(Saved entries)

"""

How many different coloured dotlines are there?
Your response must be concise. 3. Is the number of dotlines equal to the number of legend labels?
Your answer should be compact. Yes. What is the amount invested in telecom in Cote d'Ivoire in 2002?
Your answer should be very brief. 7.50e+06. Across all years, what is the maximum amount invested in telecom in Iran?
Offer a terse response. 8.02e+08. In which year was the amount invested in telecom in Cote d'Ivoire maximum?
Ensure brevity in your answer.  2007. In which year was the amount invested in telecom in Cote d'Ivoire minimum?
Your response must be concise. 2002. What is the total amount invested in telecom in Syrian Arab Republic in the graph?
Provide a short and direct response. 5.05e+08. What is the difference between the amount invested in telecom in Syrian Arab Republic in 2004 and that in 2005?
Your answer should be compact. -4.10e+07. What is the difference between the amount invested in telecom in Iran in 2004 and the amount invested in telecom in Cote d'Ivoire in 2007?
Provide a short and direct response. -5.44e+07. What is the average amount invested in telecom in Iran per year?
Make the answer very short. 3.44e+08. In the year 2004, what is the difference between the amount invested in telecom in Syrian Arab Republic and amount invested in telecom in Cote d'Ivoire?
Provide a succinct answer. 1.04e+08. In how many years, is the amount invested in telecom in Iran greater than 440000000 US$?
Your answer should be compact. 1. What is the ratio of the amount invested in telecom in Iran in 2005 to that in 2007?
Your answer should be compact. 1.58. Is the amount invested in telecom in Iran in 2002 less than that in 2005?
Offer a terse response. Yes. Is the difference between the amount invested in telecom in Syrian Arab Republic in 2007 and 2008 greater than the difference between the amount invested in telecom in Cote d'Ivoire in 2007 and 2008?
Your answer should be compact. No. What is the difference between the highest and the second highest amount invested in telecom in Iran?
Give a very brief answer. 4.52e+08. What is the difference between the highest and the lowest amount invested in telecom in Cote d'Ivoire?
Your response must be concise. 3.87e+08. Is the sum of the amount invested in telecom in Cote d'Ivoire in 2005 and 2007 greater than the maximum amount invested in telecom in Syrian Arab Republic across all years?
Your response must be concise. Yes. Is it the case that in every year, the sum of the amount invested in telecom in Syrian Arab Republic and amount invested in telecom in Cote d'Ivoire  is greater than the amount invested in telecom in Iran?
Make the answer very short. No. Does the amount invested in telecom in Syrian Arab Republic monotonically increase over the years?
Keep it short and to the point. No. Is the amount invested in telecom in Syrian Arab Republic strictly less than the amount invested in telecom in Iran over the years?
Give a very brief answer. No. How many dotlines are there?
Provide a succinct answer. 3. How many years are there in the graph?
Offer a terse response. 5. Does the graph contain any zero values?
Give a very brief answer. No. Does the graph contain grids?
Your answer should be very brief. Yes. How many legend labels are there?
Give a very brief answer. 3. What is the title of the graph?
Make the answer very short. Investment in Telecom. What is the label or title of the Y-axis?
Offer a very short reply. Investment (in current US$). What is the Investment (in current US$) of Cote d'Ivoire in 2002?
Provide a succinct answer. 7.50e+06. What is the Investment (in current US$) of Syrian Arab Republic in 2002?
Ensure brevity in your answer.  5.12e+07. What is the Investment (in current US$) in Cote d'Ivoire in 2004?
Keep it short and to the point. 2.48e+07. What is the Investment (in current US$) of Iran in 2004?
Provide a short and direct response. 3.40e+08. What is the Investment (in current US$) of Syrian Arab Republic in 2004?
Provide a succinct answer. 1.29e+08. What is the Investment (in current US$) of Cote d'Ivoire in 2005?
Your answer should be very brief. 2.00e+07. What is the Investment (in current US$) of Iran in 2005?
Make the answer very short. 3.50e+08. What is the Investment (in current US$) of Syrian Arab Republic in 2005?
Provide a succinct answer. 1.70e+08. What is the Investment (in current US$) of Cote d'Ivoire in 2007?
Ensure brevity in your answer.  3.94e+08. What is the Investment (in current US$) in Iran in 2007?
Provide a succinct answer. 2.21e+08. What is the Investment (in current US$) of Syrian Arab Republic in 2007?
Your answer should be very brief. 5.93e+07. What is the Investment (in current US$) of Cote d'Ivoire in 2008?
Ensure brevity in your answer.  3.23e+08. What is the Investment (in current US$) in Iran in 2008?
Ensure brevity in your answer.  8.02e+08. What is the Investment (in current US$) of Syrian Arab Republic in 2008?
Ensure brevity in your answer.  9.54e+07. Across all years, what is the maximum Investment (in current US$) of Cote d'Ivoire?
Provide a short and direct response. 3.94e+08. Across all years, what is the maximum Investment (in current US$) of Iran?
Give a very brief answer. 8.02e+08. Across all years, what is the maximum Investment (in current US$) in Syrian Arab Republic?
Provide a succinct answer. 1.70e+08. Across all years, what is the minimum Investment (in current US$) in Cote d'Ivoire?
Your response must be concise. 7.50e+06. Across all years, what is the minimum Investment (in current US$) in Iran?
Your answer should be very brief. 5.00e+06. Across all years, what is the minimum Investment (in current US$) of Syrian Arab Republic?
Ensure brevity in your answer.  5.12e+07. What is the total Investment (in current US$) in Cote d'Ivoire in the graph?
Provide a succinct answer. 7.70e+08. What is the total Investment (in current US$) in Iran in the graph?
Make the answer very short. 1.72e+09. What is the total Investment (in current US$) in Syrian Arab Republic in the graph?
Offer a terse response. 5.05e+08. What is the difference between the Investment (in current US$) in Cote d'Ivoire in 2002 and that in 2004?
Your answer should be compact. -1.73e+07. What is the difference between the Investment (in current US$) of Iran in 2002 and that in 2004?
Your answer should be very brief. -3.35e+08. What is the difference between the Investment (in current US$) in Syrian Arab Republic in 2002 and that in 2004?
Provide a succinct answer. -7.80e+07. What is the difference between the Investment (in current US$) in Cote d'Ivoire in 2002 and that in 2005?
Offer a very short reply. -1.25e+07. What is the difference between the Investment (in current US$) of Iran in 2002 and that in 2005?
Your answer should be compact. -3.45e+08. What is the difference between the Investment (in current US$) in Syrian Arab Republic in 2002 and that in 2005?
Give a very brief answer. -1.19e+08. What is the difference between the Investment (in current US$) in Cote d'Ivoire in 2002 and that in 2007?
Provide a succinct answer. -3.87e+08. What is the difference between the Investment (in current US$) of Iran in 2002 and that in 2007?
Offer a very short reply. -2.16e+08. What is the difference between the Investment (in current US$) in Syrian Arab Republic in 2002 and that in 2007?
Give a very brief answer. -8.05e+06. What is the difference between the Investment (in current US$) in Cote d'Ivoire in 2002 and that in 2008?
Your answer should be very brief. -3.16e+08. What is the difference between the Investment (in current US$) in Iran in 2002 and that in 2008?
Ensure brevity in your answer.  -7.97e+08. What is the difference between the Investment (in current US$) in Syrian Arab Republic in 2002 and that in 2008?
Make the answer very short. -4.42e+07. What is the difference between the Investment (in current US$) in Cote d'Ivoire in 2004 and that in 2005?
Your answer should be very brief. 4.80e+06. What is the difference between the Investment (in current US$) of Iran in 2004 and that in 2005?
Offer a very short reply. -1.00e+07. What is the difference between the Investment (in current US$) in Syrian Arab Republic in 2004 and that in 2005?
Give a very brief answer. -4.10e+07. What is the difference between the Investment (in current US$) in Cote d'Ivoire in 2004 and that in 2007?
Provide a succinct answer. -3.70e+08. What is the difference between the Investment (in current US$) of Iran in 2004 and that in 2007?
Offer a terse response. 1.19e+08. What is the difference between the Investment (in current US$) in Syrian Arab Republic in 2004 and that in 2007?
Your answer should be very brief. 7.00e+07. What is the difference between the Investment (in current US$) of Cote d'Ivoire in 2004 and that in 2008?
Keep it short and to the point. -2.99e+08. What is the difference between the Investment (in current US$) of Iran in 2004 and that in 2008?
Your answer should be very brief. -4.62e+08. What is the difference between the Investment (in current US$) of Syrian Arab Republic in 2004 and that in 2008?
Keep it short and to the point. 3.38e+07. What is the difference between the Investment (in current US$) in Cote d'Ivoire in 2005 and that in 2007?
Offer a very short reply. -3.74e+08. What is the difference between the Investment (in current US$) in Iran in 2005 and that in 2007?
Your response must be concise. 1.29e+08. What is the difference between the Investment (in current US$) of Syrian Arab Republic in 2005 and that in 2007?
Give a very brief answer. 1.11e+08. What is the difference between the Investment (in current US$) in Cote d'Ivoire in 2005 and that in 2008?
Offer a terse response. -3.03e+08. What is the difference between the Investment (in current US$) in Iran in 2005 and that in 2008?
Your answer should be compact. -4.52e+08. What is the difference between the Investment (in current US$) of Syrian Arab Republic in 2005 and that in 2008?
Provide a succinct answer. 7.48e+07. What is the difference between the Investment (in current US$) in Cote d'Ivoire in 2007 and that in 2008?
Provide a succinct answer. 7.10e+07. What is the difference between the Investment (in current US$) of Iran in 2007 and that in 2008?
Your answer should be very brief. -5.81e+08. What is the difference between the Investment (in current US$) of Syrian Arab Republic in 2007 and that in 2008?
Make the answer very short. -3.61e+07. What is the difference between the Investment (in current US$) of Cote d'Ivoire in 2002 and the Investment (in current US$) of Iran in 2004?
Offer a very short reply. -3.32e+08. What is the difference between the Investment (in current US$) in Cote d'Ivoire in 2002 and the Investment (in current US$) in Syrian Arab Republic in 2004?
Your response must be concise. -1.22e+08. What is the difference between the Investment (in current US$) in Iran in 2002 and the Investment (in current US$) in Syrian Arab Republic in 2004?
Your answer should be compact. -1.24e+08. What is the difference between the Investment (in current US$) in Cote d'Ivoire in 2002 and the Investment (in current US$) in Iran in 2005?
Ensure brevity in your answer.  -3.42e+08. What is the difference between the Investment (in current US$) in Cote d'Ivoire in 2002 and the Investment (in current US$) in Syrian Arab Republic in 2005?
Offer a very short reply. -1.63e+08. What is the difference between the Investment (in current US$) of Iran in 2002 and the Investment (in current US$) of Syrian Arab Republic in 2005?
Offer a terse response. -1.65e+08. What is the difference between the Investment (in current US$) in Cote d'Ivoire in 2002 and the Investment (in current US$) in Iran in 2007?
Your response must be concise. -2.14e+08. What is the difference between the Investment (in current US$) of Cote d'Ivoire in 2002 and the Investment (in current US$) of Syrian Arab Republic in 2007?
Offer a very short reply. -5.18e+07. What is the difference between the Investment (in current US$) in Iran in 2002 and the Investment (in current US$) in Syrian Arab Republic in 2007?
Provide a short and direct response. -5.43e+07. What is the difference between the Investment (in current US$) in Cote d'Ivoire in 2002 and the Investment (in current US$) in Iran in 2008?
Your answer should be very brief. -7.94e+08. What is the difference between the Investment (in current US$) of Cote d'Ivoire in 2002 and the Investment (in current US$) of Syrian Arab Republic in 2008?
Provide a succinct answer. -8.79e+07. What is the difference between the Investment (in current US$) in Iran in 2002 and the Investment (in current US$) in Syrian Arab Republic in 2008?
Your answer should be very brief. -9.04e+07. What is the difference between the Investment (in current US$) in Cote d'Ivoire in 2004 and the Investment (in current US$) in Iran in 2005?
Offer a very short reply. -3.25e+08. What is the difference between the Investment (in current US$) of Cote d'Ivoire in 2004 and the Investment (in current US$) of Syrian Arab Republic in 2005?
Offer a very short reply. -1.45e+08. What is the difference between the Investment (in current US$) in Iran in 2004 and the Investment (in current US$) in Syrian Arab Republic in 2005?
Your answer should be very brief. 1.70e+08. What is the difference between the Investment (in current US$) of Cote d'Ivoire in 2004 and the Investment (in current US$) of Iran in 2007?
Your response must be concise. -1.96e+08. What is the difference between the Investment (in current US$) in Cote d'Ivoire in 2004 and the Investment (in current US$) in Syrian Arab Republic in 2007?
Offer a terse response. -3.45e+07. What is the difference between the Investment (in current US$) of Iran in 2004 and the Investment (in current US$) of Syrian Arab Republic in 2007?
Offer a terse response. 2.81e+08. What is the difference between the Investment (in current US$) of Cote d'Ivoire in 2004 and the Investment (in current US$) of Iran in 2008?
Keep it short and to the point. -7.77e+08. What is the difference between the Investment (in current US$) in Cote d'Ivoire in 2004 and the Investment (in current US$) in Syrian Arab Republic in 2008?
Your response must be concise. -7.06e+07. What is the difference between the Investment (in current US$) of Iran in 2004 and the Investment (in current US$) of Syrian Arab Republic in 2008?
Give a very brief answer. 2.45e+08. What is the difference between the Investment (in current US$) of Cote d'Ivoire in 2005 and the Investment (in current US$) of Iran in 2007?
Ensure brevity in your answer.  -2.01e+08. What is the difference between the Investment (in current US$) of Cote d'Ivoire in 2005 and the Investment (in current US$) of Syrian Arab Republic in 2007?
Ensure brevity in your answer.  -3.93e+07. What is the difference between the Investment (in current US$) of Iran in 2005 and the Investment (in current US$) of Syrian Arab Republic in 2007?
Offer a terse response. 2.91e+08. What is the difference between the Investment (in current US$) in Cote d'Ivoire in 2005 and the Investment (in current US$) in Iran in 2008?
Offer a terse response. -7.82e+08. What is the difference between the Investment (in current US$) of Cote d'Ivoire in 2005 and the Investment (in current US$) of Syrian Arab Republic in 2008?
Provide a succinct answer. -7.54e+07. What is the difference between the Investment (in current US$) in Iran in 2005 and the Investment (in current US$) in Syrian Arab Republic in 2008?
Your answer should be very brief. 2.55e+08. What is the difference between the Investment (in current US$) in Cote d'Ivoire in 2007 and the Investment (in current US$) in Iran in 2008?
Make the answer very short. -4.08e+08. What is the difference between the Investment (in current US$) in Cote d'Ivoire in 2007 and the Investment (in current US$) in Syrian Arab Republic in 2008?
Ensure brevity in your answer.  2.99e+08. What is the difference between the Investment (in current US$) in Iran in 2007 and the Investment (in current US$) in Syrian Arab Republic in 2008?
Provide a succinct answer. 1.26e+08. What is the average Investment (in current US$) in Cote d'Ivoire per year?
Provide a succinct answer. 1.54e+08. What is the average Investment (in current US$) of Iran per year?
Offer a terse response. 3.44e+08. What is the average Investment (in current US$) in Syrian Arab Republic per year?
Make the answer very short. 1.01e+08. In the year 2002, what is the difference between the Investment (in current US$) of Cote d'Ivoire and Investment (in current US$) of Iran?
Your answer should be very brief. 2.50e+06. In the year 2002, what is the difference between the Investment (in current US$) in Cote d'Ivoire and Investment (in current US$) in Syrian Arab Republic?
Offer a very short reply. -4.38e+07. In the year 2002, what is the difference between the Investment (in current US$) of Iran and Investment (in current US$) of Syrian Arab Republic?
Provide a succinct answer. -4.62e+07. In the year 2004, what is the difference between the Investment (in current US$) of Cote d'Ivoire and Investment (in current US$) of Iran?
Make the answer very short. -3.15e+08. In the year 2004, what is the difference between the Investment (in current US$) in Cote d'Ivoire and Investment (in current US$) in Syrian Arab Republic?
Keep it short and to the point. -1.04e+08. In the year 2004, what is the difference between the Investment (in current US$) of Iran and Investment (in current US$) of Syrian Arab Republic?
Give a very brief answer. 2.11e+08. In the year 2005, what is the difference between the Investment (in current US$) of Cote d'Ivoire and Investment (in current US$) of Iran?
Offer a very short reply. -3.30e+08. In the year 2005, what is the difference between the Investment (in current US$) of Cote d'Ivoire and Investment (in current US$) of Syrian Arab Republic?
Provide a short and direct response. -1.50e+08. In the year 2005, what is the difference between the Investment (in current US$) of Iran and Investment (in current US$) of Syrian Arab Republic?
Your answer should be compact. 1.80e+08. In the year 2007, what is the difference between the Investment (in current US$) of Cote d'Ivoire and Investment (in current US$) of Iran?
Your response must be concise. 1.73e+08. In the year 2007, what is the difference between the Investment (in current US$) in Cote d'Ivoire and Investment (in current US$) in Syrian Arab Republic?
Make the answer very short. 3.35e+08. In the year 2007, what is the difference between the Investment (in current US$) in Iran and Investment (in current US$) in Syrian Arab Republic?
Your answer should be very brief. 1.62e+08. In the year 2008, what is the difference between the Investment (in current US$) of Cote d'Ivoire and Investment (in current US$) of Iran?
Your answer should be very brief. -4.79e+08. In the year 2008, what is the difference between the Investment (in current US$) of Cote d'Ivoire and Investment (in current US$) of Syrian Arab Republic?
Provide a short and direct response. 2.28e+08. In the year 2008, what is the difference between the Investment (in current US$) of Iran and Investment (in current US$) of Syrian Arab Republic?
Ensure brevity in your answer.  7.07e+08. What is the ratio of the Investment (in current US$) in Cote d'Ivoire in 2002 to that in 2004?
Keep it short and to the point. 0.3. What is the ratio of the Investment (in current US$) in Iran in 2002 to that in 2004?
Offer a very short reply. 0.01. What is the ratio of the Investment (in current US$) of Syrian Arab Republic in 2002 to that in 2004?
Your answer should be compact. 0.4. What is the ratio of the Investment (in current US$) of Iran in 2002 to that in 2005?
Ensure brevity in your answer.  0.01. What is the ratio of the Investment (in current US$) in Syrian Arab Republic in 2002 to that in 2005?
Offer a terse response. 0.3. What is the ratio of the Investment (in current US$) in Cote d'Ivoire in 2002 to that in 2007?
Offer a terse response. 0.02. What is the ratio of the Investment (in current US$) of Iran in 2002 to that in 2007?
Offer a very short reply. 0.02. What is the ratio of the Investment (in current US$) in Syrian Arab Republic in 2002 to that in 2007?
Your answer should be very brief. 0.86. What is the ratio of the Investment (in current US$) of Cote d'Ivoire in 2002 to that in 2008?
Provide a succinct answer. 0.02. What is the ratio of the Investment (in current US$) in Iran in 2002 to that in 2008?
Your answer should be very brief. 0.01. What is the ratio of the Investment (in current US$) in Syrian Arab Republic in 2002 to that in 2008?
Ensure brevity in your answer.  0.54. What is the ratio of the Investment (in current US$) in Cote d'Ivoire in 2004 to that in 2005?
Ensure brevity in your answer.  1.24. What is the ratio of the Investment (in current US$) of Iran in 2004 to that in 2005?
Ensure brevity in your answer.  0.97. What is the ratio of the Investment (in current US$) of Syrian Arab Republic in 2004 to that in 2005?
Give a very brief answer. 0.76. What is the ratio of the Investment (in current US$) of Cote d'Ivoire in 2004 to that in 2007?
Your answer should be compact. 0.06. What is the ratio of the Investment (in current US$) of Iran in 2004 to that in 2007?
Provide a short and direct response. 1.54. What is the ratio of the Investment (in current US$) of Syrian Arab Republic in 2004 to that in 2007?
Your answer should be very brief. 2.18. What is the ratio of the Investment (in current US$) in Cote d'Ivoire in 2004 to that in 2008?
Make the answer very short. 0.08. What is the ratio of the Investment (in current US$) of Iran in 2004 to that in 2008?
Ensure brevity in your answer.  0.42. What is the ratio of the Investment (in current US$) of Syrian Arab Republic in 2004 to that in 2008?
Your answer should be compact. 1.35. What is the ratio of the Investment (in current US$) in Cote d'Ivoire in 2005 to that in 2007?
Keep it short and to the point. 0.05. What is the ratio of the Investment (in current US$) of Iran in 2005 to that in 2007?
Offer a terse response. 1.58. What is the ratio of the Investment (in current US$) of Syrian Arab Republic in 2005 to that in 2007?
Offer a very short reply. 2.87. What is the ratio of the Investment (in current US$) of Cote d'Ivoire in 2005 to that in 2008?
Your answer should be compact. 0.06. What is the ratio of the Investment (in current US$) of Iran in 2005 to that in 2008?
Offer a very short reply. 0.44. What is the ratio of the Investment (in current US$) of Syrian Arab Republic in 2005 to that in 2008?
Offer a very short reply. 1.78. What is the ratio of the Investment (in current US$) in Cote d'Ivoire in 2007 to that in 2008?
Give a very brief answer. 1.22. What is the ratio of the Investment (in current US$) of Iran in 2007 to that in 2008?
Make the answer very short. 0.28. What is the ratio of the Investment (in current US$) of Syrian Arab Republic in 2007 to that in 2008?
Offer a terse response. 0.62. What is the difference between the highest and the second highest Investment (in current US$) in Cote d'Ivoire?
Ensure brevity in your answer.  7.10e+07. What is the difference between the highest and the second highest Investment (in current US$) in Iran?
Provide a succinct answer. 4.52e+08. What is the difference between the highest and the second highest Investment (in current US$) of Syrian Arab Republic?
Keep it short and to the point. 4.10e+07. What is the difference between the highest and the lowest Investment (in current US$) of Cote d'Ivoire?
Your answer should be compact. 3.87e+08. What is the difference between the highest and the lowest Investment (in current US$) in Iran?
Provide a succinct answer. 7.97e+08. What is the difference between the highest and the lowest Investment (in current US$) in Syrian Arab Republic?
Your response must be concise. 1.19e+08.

"""

▶ _What is required_
Copy every line of the data above, beginning with the first and ending with the line that contains "Your answer should be compact. Yes.", and give nothing more.

▶ _Task output_
How many different coloured dotlines are there?
Your response must be concise. 3. Is the number of dotlines equal to the number of legend labels?
Your answer should be compact. Yes. What is the amount invested in telecom in Cote d'Ivoire in 2002?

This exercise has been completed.